- Exercise requirements -
Transcribe the entries below exactly, starting with the line that has "Field of view (horizontal): 69.8°." and stopping after the line that has "x right, y down, z"; no pictures belong in the copy.

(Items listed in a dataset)
--------------------

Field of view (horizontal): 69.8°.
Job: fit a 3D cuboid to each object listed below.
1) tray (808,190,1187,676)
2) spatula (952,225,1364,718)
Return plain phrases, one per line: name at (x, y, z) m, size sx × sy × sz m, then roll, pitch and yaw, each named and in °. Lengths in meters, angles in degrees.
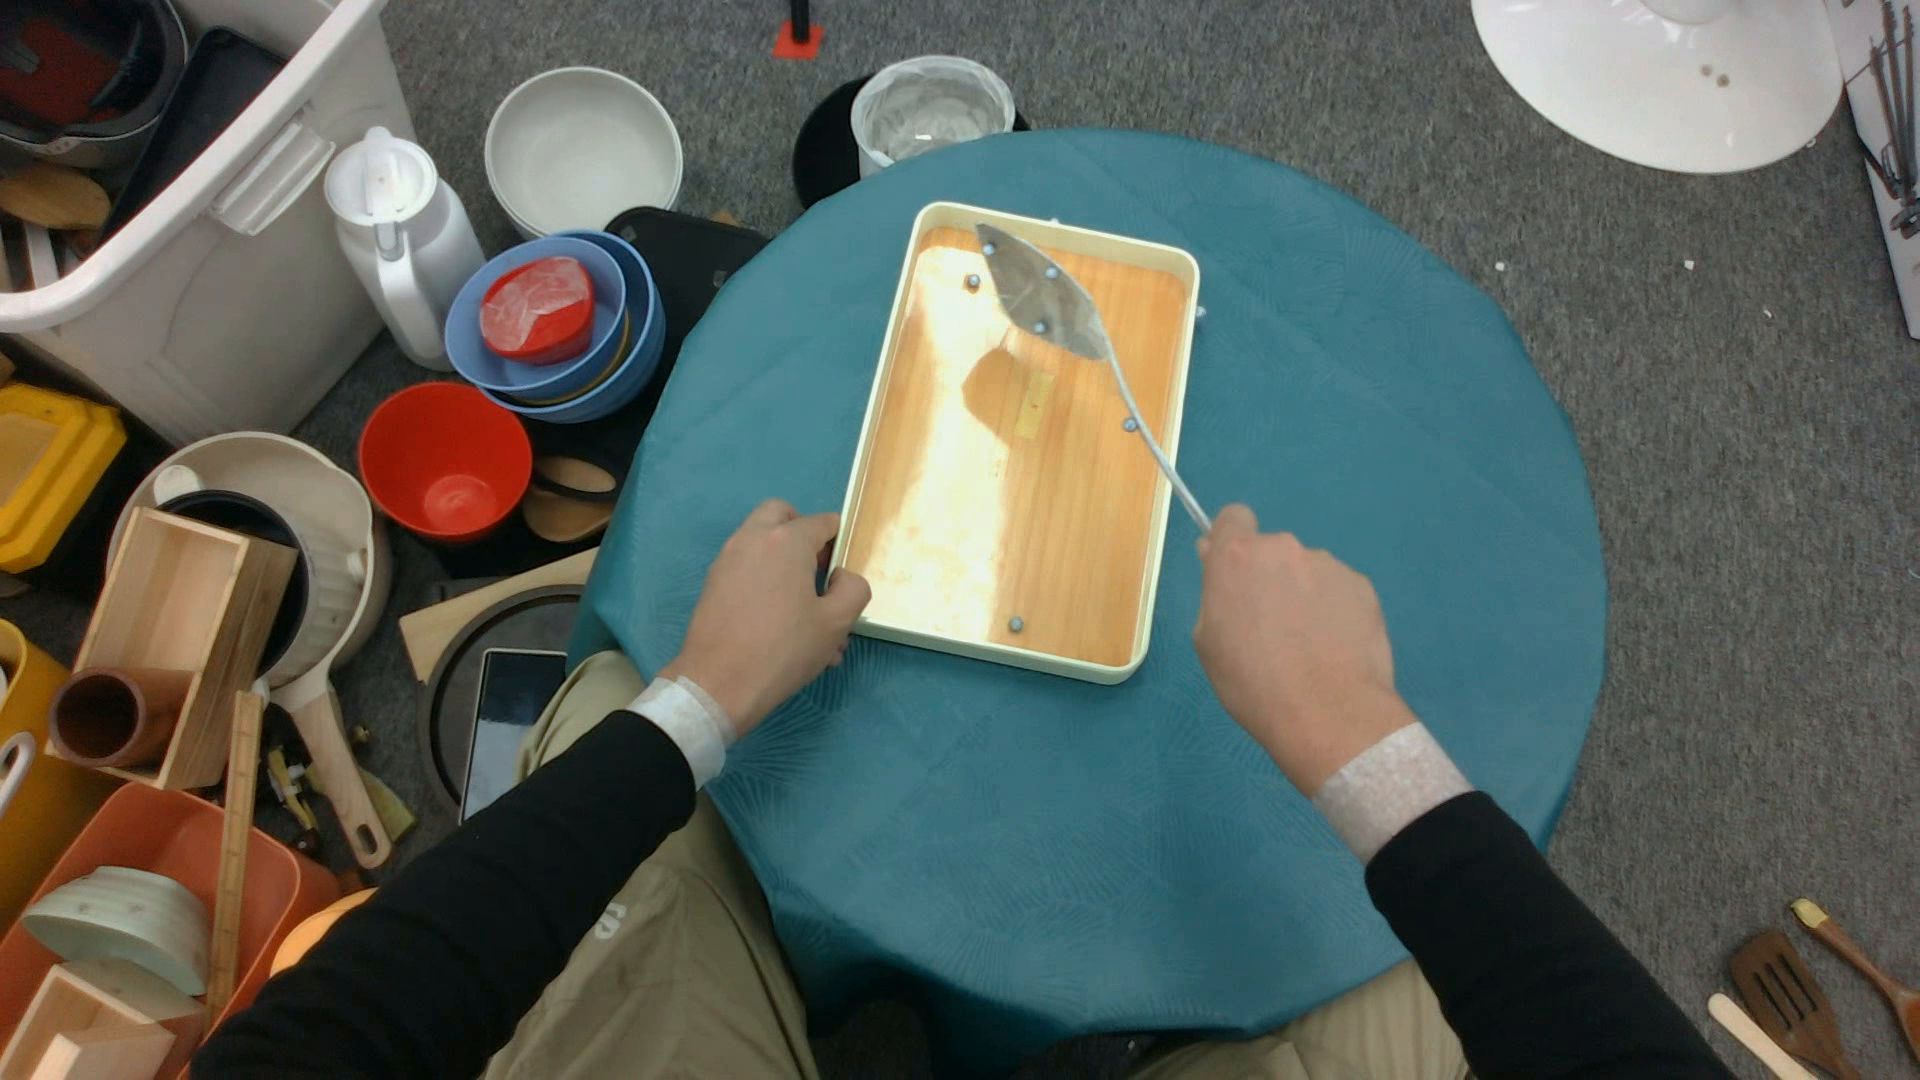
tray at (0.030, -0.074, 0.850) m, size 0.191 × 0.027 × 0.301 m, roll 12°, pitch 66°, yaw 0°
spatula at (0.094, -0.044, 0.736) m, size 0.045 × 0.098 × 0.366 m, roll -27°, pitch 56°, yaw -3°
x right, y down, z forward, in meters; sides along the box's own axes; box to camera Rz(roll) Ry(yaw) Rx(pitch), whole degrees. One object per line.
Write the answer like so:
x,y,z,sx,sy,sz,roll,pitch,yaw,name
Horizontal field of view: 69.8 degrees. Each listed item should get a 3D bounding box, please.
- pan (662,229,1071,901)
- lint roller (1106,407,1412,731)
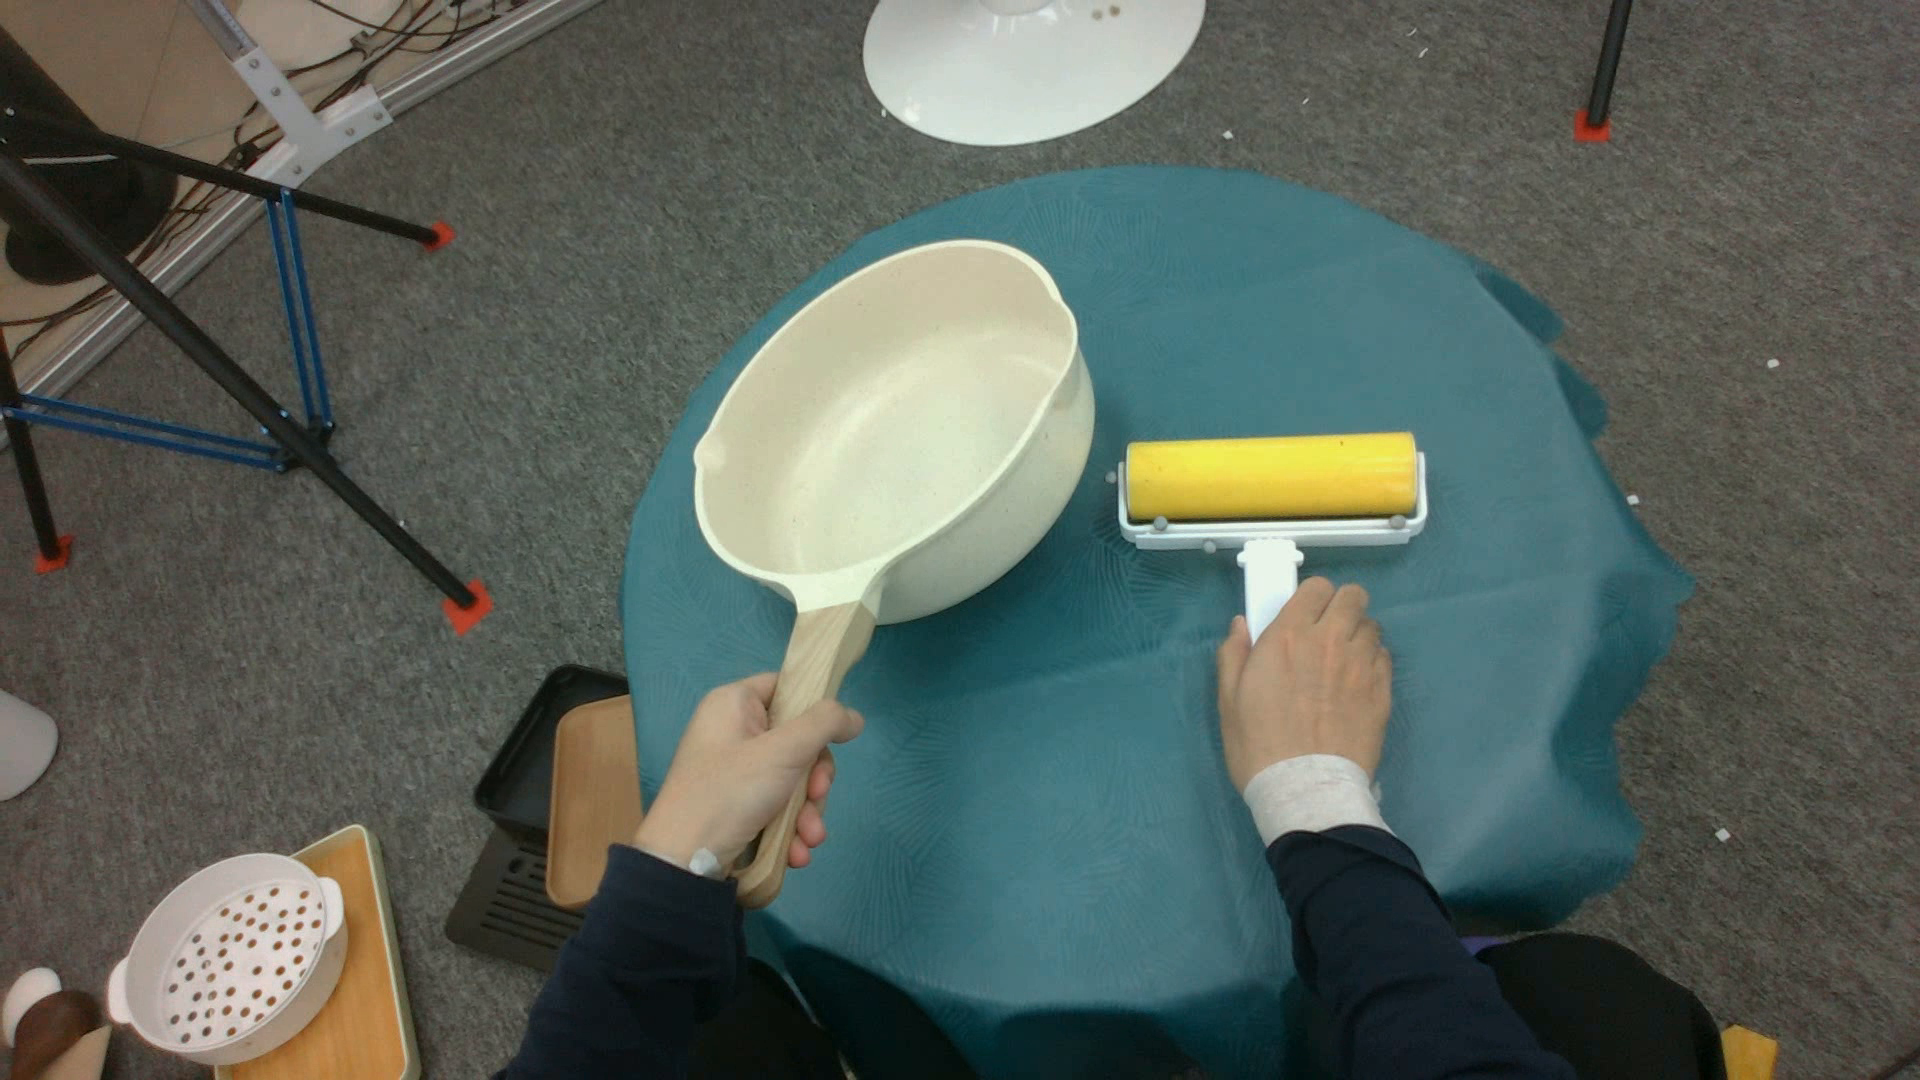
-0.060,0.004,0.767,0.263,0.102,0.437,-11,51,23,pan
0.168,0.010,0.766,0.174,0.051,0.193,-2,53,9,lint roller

--------------------

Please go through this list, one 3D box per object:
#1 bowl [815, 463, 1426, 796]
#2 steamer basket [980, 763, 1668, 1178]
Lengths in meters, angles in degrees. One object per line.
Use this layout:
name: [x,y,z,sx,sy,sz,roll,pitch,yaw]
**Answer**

--------------------

- Answer to this problem -
Field of view (horizontal): 69.8°.
Job: fit a 3D cuboid to each object listed below.
1) tray (808,190,1187,676)
2) spatula (952,225,1364,718)
Return plain phrases, one per line: name at (x, y, z) m, size sx × sy × sz m, then roll, pitch and yaw, each named and in °. Lengths in meters, angles in degrees.
tray at (0.030, -0.074, 0.850) m, size 0.191 × 0.027 × 0.301 m, roll 12°, pitch 66°, yaw 0°
spatula at (0.094, -0.044, 0.736) m, size 0.045 × 0.098 × 0.366 m, roll -27°, pitch 56°, yaw -3°
x right, y down, z forward, in meters; sides along the box's own axes; box to camera Rz(roll) Ry(yaw) Rx(pitch), whole degrees. One object per line.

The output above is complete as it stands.